Mais afortunado do que muitos cujas obras enriqueceram o mundo, vimos que o Sr. Ballou viveu o suficiente para gozar de uma fama honrosa. Muito antes de morrer, a voz da calúnia foi silenciada. Ele havia realizado o que Burke aconselhara para a refutação da calúnia – ele a "venceu pelo viver". Os dardos da malícia caíram inofensivos sobre o escudo de sua consciência imaculada. Ele alcançou um triunfo ainda maior do que sobreviver aos[Pg 398] ataques contra sua reputação como homem; ele viveu para ver a verdade que tanto defendera, na qual e pela qual viveu, adotada por centenas de milhares como o báculo de suas vidas e a rocha de sua salvação. Seria difícil encontrar, em qualquer época, o registro de uma vitória maior do poder intelectual.
Como mostramos amplamente, o Sr. Ballou começou na vida sem nenhum auxílio para o desenvolvimento de suas energias mentais. Suas circunstâncias eram tais que teriam esmagado completamente a maioria das mentes talentosas. Isolamento, privação, falta de estímulo mental o cercavam. Faltavam-lhe o exemplo e o auxílio de uma erudição mais avançada. Os degraus para o templo do conhecimento foram talhados por suas próprias mãos na rocha dura e inflexível. Não havia mão forte para segurar a sua, ampará-lo e sustentar seus passos vacilantes. No entanto, com um punho de ferro, ele se apoderou dos rudimentos do conhecimento e os tornou seus. E, ao satisfazer os anseios de sua natureza, não negligenciou nenhum dever da vida. Aqueles que tinham reivindicações sobre seu trabalho não sofreram dano ou perda por essa fonte, pois as horas dedicadas aos seus primeiros estudos foram heroicamente subtraídas das horas de repouso. Quando outros descansavam do trabalho corporal, ele estava vigilante e trabalhando mentalmente.

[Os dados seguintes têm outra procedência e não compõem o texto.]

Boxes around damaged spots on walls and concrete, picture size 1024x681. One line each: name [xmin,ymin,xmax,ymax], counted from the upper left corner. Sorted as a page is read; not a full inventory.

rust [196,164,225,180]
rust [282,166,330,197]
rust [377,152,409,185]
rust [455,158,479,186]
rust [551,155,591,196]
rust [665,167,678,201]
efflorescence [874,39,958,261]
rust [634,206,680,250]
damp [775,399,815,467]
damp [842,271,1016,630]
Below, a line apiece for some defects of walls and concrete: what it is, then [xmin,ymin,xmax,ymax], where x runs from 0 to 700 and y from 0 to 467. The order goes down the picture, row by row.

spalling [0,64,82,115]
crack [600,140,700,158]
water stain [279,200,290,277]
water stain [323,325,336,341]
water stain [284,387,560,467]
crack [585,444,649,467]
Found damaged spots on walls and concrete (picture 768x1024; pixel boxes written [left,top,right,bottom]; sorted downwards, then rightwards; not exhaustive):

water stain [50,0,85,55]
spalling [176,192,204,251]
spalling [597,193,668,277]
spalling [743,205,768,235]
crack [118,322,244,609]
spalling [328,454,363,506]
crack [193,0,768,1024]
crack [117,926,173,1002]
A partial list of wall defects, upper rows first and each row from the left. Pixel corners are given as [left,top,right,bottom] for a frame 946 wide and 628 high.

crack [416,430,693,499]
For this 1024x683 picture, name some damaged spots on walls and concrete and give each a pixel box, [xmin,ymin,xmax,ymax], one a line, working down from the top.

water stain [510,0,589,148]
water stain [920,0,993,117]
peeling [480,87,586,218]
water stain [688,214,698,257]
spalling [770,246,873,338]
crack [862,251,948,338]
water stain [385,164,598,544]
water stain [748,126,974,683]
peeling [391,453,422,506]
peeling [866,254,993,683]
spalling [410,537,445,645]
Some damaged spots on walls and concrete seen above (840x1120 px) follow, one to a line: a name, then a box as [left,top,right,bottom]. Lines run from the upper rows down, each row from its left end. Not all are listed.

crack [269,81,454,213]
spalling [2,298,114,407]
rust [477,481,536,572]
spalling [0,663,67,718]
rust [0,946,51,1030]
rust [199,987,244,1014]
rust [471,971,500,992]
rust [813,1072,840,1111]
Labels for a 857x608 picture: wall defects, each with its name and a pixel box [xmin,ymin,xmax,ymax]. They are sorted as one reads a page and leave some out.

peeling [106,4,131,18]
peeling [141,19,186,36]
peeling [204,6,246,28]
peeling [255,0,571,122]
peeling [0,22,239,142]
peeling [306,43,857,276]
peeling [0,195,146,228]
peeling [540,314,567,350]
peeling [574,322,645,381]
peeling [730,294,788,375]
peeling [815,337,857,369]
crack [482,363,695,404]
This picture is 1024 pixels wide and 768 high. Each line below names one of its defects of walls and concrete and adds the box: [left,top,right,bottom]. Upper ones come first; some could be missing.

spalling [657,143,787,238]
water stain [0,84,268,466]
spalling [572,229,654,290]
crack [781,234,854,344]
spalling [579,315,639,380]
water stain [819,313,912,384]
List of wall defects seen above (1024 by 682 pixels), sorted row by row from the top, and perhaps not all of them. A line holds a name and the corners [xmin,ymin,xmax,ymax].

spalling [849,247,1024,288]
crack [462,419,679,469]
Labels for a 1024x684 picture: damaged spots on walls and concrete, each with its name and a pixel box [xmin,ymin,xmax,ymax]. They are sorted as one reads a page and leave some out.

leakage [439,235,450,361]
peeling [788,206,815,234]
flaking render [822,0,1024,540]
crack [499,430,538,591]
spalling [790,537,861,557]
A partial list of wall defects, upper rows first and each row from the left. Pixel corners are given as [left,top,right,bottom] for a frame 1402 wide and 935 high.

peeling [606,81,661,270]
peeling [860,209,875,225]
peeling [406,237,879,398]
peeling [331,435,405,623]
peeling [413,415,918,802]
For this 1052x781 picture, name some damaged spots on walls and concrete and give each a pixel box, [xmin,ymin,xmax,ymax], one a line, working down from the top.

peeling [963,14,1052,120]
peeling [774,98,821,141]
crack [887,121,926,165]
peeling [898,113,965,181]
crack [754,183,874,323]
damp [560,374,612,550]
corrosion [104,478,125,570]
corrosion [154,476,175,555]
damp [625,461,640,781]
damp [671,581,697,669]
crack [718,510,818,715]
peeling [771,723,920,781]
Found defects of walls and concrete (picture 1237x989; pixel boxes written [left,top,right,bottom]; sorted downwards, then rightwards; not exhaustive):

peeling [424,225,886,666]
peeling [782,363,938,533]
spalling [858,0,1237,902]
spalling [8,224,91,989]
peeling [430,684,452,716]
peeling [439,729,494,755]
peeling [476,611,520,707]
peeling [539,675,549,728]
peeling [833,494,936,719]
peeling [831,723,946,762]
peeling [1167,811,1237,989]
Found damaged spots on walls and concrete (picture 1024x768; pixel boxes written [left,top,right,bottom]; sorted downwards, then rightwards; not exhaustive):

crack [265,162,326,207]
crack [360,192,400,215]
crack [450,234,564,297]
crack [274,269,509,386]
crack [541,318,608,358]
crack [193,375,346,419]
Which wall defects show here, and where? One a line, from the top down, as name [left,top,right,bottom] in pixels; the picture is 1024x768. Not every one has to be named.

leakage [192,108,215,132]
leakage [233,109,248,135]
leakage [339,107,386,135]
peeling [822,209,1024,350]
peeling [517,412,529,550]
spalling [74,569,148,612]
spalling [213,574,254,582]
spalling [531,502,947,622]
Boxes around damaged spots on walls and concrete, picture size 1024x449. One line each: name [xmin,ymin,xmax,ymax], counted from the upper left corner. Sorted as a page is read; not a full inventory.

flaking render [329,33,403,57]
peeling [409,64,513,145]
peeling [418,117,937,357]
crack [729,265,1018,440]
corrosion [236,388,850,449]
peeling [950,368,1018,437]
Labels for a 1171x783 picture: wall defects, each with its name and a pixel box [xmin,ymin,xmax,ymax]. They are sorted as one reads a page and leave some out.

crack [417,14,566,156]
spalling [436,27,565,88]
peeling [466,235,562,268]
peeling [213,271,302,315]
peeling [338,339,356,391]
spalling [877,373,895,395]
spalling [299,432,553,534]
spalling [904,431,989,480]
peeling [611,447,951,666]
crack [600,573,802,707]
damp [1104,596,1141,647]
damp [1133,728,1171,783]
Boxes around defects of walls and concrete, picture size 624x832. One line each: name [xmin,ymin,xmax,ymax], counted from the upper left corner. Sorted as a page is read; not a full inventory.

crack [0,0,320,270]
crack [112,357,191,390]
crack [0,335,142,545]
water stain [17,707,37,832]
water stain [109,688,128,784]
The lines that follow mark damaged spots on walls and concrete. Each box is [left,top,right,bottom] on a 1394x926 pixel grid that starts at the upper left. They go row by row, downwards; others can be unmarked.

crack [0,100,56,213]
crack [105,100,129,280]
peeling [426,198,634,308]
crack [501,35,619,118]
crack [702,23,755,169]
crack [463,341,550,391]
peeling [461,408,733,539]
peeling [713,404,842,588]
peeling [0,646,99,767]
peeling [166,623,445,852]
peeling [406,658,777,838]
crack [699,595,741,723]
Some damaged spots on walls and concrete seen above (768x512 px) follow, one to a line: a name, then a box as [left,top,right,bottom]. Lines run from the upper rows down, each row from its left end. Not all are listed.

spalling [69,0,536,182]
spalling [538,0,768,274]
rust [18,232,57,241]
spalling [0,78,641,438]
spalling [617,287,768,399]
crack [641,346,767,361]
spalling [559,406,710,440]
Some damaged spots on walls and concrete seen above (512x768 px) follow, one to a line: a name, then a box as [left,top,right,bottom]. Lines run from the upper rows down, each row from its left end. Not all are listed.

A energia demonstrada em sua busca pelo conhecimento, sob dificuldades tão extraordinárias, nos prepara para a energia ainda maior exibida em sua carreira subsequente. Acostumado a cumprir seu propósito com trabalho árduo, encontramo-lo continuamente propondo a si mesmo questões difíceis, a serem resolvidas apenas por severo[Pg 399] esforço intelectual. Ele cultiva sua natureza moral e intelectual tão rigidamente, que não se satisfaz levianamente com nenhum assunto. Mas o que mais nos impressiona é a beleza de sua natureza espiritual. A maioria das mentes mais enérgicas, cremos, é propensa ao ceticismo. Duvidam, resolvem suas dúvidas e então se apegam firme e eternamente às verdades que estabeleceram.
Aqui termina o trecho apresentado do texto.